Key words: Spinal cord stimulation, Chronic leg ischemia, Ischemic limb pain, Neurophatic pain,
Barolat’s map.
INTRODUZIONE
La soluzione terapeutica del dolore
rappresenta una sfida che l’uomo affronta
fin dall’antichità e ad esso si correla, ancora oggi, la gran parte dei motivi di richiesta di consulto medico. Anche se qualcosa resta da definire a proposito dei meccanismi anatomo-fisiologici che sottendono al generarsi del dolore, soprattutto di
quello cronico, molti sono i passaggi definitivamente chiariti.
L’utilizzo delle correnti elettriche a scopo terapeutico ha radici lontane e, molto
prima che si arrivasse alla produzione artificiale di energia elettrica, sono state impiegate le torpedini allo scopo più vario
con applicazioni su muscoli, apparato uditivo, sistema nervoso, cuore etc. Nel controllo del dolore è stata utilizzata l’elettrostimolazione applicata a vari livelli del sistema nervoso: sui nervi periferici,1 nelle
aree subcorticali dell’encefalo2 e naturalmente sul midollo spinale.
L’ elettrostimolazione del midollo è stata introdotta per la prima volta in pratica
clinica nel 1967 da Shealy3 il quale, basandosi sugli studi precedentemente condotti da Melzack e Wall4 in cui era stata
messa a punto la teoria del cancello (Gate
Control Theory), ha posizionato a cielo
aperto, attraverso una laminectomia, degli elettrodi sul midollo spinale. Il princi-
pio era quello di abolire il passaggio dello
stimolo doloroso attraverso la stimolazione di fibre mieliniche (Aß) di grosso calibro che avrebbero attivato, appunto, la
chiusura del “cancello” alle fibre amieliniche (C) di piccolo calibro.
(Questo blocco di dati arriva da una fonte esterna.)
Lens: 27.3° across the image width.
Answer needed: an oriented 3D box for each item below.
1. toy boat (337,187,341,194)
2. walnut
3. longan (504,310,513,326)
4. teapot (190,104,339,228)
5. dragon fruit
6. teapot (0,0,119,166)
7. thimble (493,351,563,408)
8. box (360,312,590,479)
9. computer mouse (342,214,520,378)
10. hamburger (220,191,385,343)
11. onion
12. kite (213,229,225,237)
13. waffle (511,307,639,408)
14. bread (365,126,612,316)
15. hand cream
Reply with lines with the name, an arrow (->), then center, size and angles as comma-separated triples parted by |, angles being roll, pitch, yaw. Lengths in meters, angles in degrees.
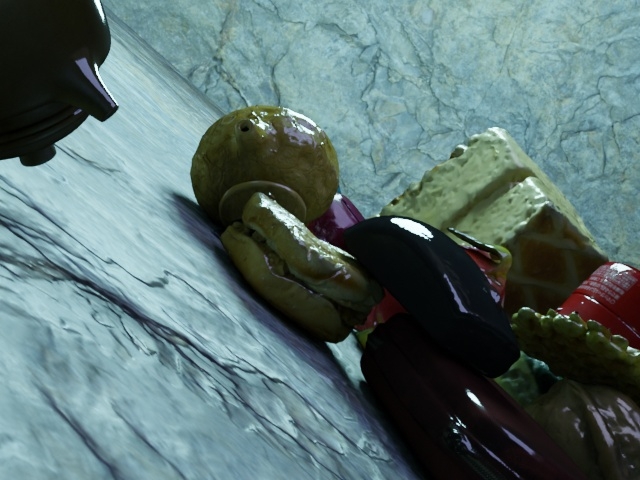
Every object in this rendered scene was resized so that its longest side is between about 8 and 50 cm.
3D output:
toy boat -> -0.027, -0.065, 2.469 | 0.299, 0.134, 0.092 | 12, 55, -78
walnut -> 0.351, 0.296, 1.721 | 0.198, 0.198, 0.245 | -6, 80, -83
longan -> 0.286, 0.200, 2.234 | 0.167, 0.167, 0.187 | -126, -163, -67
teapot -> -0.075, -0.062, 1.820 | 0.311, 0.203, 0.167 | 77, 11, -47
dragon fruit -> 0.161, 0.093, 1.914 | 0.227, 0.224, 0.224 | 18, 2, 7
teapot -> -0.267, -0.142, 1.071 | 0.267, 0.185, 0.175 | 11, -52, 38
thimble -> 0.331, 0.268, 2.021 | 0.254, 0.167, 0.288 | 38, 7, -38
box -> 0.185, 0.230, 1.558 | 0.263, 0.108, 0.404 | 39, 5, -24
computer mouse -> 0.146, 0.050, 1.630 | 0.170, 0.100, 0.269 | 31, 12, -48
hamburger -> -0.022, 0.036, 1.648 | 0.213, 0.108, 0.214 | 42, 4, -3
onion -> 0.000, 0.000, 2.060 | 0.195, 0.140, 0.218 | 49, 9, 2
kite -> -0.116, 0.007, 1.769 | 0.090, 0.004, 0.122 | 40, 5, -38
waffle -> 0.360, 0.161, 1.787 | 0.243, 0.059, 0.238 | 30, -13, -6
bread -> 0.311, 0.053, 2.414 | 0.390, 0.371, 0.279 | 41, 14, -41
hand cream -> 0.463, 0.152, 1.996 | 0.230, 0.149, 0.230 | 43, -10, 9

La metodica non
ebbe molta fortuna in quegli anni per diversi motivi tra i quali la non adeguatezza dei materiali e l’incostante successo
nell’applicazione clinica. D’altra parte c’era ancora molto da rivedere sui meccanismi della trasmissione nervosa che sosteneva i diversi tipi di dolore e sul ruolo dei
neurotrasmettitori a livello spinale. Dai
primi anni ’80 si è riattivato l’interesse
verso la stimolazione anche grazie alla
possibilità di introdurre l’elettrodo stimolatore con tecnica percutanea evitando
pertanto l’intervento chirurgico5. Ai giorni
nostri, dopo diverse migliaia d’impianti
(15.000/anno c.ca) eseguiti in ogni parte
del pianeta e per numerosi tipi di patologie dolorose, la stimolazione elettrica midollare ed i suoi precisi meccanismi d’azione rimangono ancora in una zona di
penombra pur dimostrando in un’elevata
percentuale di casi un’efficacia non realizzabile con altri presidi terapeutici.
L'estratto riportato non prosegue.